Despite analysing all mutations occurring in erm(41) and rrl for the full collection of genomes, we were unable to predict all clarithromycin resistance. This may be because there are other genes implicated or due to unreliable DST results. Future work should aim to select discordant genotypes and identify additional infrequently occurring genetic loci implicated in clarithromycin resistance, for example by using genome wide association (GWAS) approaches. All of the new clarithromycin resistance mutations we discovered occurred in isolates which we originally predicted to be inducibly resistant. Although M. abscessus is primarily thought to be an environmental organism, these patients may be colonised for long periods with subsequent potential exposure to multiple courses of macrolides. An alternative hypothesis may therefore be that some or all of these SNPs are compensatory mutations which act to reduce a fitness cost of the expression of erm, which has been experimentally demonstrated in other bacteria (Gupta et al. 2013). There were four SNPs which only occurred in resistant samples but were always seen with a known drug resistance causing SNP, possibly also representing compensatory mutations.
Key weaknesses of our study include that we were unable establish a temporal relationship between antibiotic prescribing and inducible phenotypic resistance as we did not have the relevant ethics approval to link to patient records. If for example, any SNPs on our list of novel mutations were observed in isolates from patients who had never previously had macrolide therapy, it would be much more likely that they were genuine resistance conferring rather than compensatory mutations. In addition it is possible that some of the genomes were same patient replicates over a number of months/years, although this may have also diversified the range of mutations observed. We chose to include all available samples to maximise detection of low frequency resistance determining SNPs meaning there was no validation set available. Our list of novel resistance determining SNPs will therefore require validation on an independent dataset before being applied to the clinical setting. We chose to target a select list of genes with known SNPs identified in the literature search; other approaches such as GWAS will likely be additive to the knowledge base we present here.

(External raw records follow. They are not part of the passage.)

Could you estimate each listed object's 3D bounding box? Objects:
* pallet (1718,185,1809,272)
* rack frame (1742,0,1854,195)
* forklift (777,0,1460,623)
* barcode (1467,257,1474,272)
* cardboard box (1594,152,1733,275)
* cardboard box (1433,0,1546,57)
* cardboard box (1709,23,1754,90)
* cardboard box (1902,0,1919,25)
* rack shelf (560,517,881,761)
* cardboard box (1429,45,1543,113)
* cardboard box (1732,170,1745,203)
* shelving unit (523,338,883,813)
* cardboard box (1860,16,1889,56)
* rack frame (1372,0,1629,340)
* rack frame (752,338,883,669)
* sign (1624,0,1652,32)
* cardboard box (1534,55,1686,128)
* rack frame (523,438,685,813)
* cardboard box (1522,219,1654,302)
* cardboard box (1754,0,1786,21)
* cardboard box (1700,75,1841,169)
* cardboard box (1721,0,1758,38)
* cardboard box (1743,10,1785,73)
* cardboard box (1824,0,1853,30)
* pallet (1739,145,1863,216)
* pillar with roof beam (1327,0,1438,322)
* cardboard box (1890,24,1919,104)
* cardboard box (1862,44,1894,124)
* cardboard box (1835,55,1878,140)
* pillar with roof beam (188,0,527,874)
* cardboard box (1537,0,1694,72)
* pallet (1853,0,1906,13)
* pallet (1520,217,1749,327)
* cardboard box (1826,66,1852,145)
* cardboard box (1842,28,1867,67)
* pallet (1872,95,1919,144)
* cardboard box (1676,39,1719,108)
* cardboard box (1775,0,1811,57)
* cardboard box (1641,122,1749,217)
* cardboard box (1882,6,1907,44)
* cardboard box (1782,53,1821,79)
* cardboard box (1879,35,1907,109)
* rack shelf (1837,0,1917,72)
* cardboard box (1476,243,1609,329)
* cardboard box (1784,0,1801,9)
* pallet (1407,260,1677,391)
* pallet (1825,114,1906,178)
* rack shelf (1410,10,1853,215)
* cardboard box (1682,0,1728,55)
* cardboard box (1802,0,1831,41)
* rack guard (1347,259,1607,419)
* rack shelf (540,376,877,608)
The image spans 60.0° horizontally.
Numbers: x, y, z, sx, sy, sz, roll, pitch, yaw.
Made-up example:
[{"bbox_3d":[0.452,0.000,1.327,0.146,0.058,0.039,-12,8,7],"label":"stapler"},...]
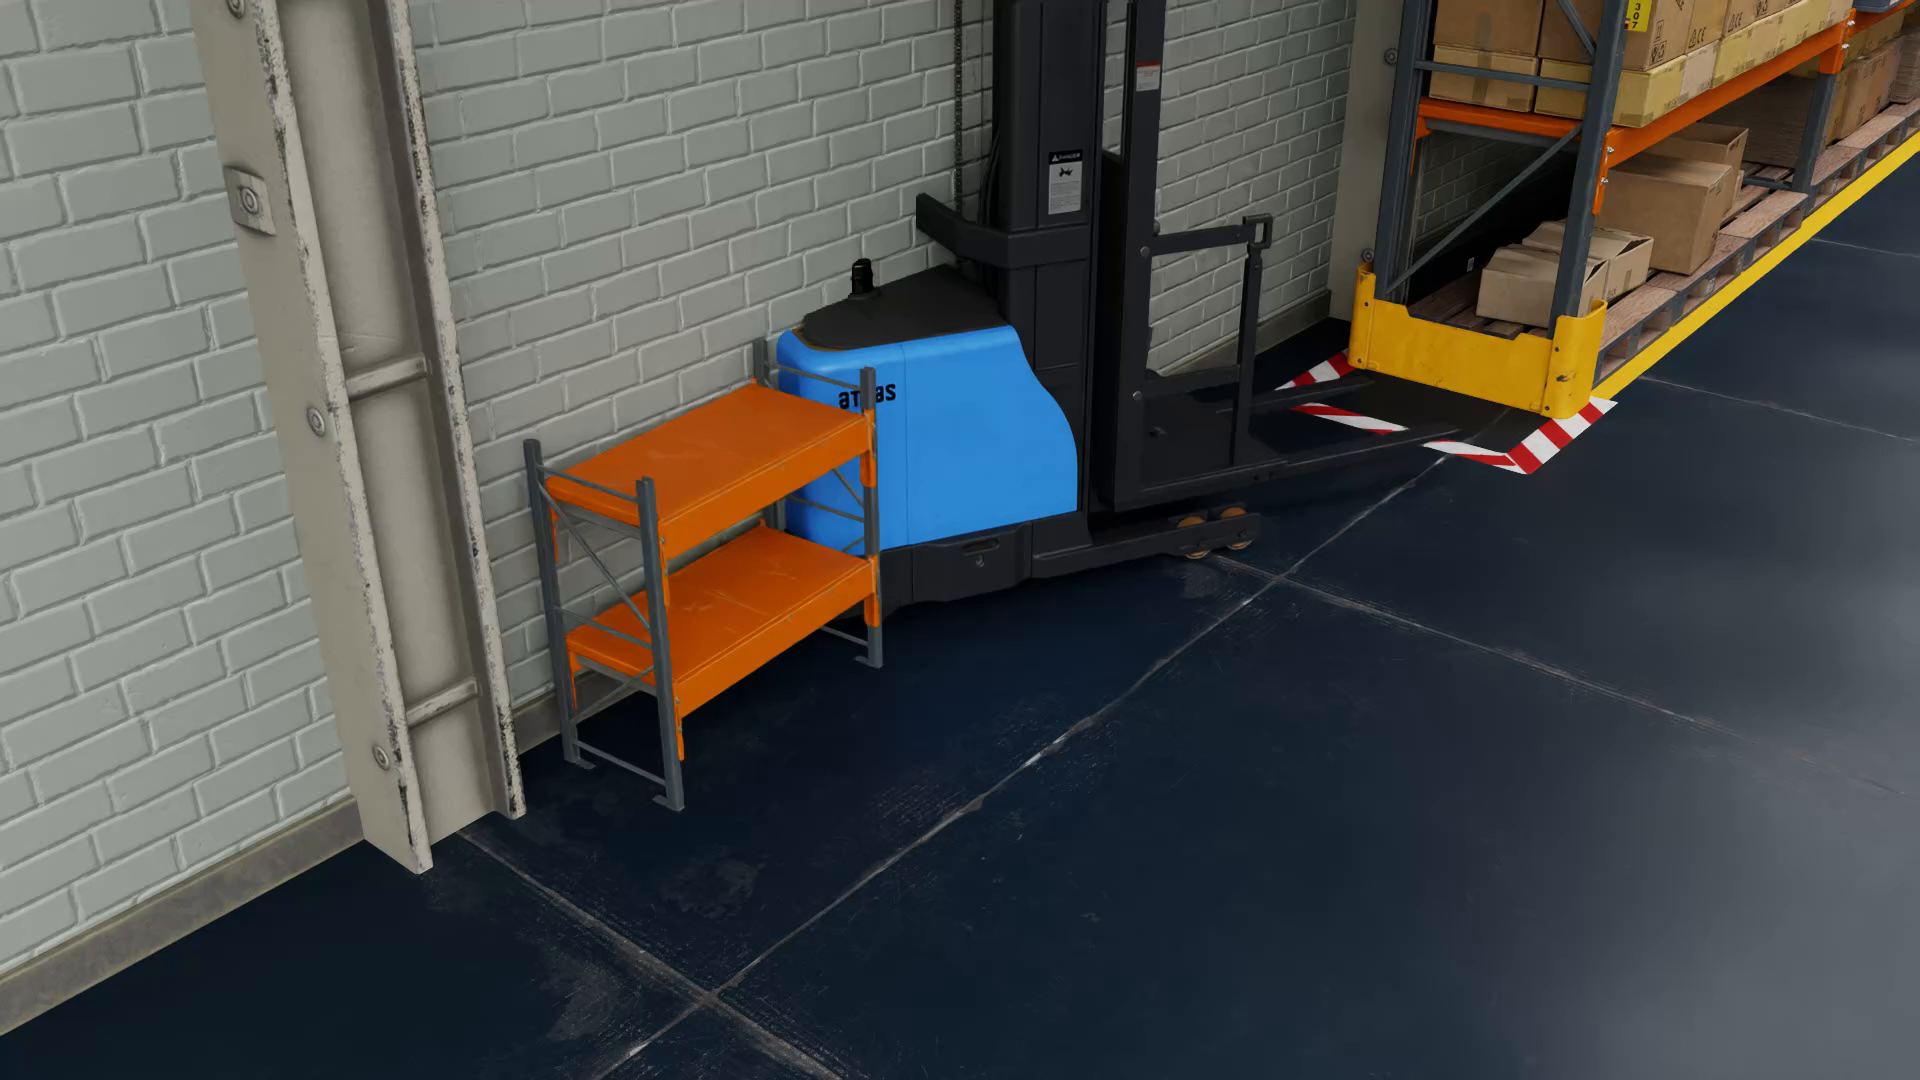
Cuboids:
[{"bbox_3d":[4.606,-2.026,10.437,1.003,0.211,1.213,21,34,34],"label":"pallet"},{"bbox_3d":[5.006,-3.513,10.277,1.000,3.000,0.127,21,34,34],"label":"rack frame"},{"bbox_3d":[0.645,-1.435,6.334,3.031,2.935,1.130,-12,30,-21],"label":"forklift"},{"bbox_3d":[2.675,-1.443,8.712,0.001,0.075,0.075,21,34,34],"label":"barcode"},{"bbox_3d":[3.839,-1.847,9.297,0.700,0.500,0.500,18,33,31],"label":"cardboard box"},{"bbox_3d":[2.598,-2.600,7.836,0.500,0.500,0.500,20,34,34],"label":"cardboard box"},{"bbox_3d":[3.665,-2.485,8.430,0.500,0.250,0.500,20,34,34],"label":"cardboard box"},{"bbox_3d":[8.120,-4.386,13.845,0.750,0.750,0.750,20,34,34],"label":"cardboard box"},{"bbox_3d":[-0.776,0.295,5.487,0.538,0.278,1.000,18,32,30],"label":"rack shelf"},{"bbox_3d":[2.610,-2.260,7.995,0.500,0.250,0.500,21,34,35],"label":"cardboard box"},{"bbox_3d":[4.689,-2.252,10.443,0.380,0.166,0.250,16,31,28],"label":"cardboard box"},{"bbox_3d":[-0.776,0.078,5.375,0.538,1.125,1.048,18,32,30],"label":"shelving unit"},{"bbox_3d":[6.399,-3.712,12.085,0.500,0.250,0.500,21,34,34],"label":"cardboard box"},{"bbox_3d":[2.462,-2.095,7.535,1.000,3.000,0.127,21,34,34],"label":"rack frame"},{"bbox_3d":[-0.487,-0.114,5.746,0.500,1.125,0.032,18,32,30],"label":"rack frame"},{"bbox_3d":[2.881,-2.321,7.030,0.100,0.325,0.005,21,34,34],"label":"sign"},{"bbox_3d":[3.018,-2.117,7.720,0.500,0.250,0.500,20,33,33],"label":"cardboard box"},{"bbox_3d":[-1.066,0.270,5.004,0.500,1.125,0.032,18,32,30],"label":"rack frame"},{"bbox_3d":[3.334,-1.517,8.866,0.500,0.311,0.500,24,36,38],"label":"cardboard box"},{"bbox_3d":[3.972,-2.992,8.594,0.500,0.500,0.500,22,35,36],"label":"cardboard box"},{"bbox_3d":[5.462,-2.864,11.264,0.700,0.500,0.500,22,35,36],"label":"cardboard box"},{"bbox_3d":[3.653,-2.805,8.234,0.500,0.500,0.500,19,33,33],"label":"cardboard box"},{"bbox_3d":[3.989,-2.663,8.775,0.500,0.250,0.500,21,34,35],"label":"cardboard box"},{"bbox_3d":[4.939,-3.199,9.811,0.500,0.250,0.500,21,34,35],"label":"cardboard box"},{"bbox_3d":[5.500,-2.551,11.452,1.003,0.211,1.213,21,34,34],"label":"pallet"},{"bbox_3d":[5.562,-4.002,4.693,9.100,9.000,0.400,21,34,34],"label":"pillar with roof beam"},{"bbox_3d":[7.133,-3.746,12.968,0.700,0.500,0.500,21,34,35],"label":"cardboard box"},{"bbox_3d":[6.421,-3.413,12.324,0.700,0.500,0.500,21,34,34],"label":"cardboard box"},{"bbox_3d":[6.107,-3.231,11.973,0.700,0.500,0.500,21,34,35],"label":"cardboard box"},{"bbox_3d":[1.745,-1.875,0.581,9.100,9.000,0.400,21,34,34],"label":"pillar with roof beam"},{"bbox_3d":[2.998,-2.452,7.550,0.500,0.500,0.500,21,34,34],"label":"cardboard box"},{"bbox_3d":[5.605,-3.656,10.762,1.003,0.211,1.213,21,34,34],"label":"pallet"},{"bbox_3d":[3.831,-1.592,9.597,1.003,0.211,1.213,21,34,34],"label":"pallet"},{"bbox_3d":[5.752,-3.062,11.646,0.700,0.500,0.500,20,33,33],"label":"cardboard box"},{"bbox_3d":[6.067,-3.540,11.754,0.500,0.250,0.500,20,33,33],"label":"cardboard box"},{"bbox_3d":[7.052,-3.416,13.124,1.003,0.211,1.213,21,34,34],"label":"pallet"},{"bbox_3d":[3.337,-2.306,8.084,0.500,0.250,0.500,20,33,33],"label":"cardboard box"},{"bbox_3d":[4.308,-2.842,9.120,0.500,0.250,0.500,21,34,34],"label":"cardboard box"},{"bbox_3d":[4.377,-2.219,10.016,0.500,0.500,0.500,18,32,31],"label":"cardboard box"},{"bbox_3d":[6.722,-3.895,12.441,0.500,0.250,0.500,21,34,35],"label":"cardboard box"},{"bbox_3d":[5.739,-3.354,11.395,0.500,0.250,0.500,20,33,33],"label":"cardboard box"},{"bbox_3d":[6.716,-3.597,12.681,0.700,0.500,0.500,21,34,34],"label":"cardboard box"},{"bbox_3d":[6.279,-3.903,11.813,1.077,0.370,4.000,21,34,34],"label":"rack shelf"},{"bbox_3d":[2.972,-1.315,8.475,0.500,0.311,0.500,17,32,29],"label":"cardboard box"},{"bbox_3d":[4.303,-3.177,8.951,0.500,0.500,0.500,20,33,33],"label":"cardboard box"},{"bbox_3d":[3.054,-1.161,8.765,1.003,0.211,1.213,21,34,34],"label":"pallet"},{"bbox_3d":[6.276,-2.986,12.292,1.003,0.211,1.213,21,34,34],"label":"pallet"},{"bbox_3d":[3.734,-2.485,9.071,1.077,0.370,4.000,21,34,34],"label":"rack shelf"},{"bbox_3d":[3.320,-2.624,7.883,0.500,0.500,0.500,21,34,35],"label":"cardboard box"},{"bbox_3d":[4.616,-3.025,9.474,0.500,0.250,0.500,21,34,35],"label":"cardboard box"},{"bbox_3d":[2.510,-1.012,8.162,1.175,0.500,0.348,21,34,34],"label":"rack guard"},{"bbox_3d":[-0.776,-0.182,5.240,0.538,0.278,1.000,18,32,30],"label":"rack shelf"}]

In summary, WGS allows identification of known resistance conferring mutations as well as demonstrating probable novel resistance determining SNPs in regions the Hain NTM-DR line probe cannot detect which if further validated may change management. Identification of subspecies alone inadequately predicts macrolide resistance in M. abscessus. Our data does not support the replacement of phenotypic tests at this point in time; as more paired genome/DST data becomes available in the near future, and we learn more about the molecular determinants of drug resistance, it is likely that sensitivity and specificity of WGS resistance prediction will improve. Given that WGS data is already being produced in the UK for the purposes of molecular epidemiology, it would now be possible to phase out existing molecular tests and replicate their results in silico at no additional cost.
Transparency declaration
The authors have no conflicts of interest to declare.
Funding
No specific funding was acquired for this work. All sequencing data was created as part of the routine PHE clinical diagnostic service.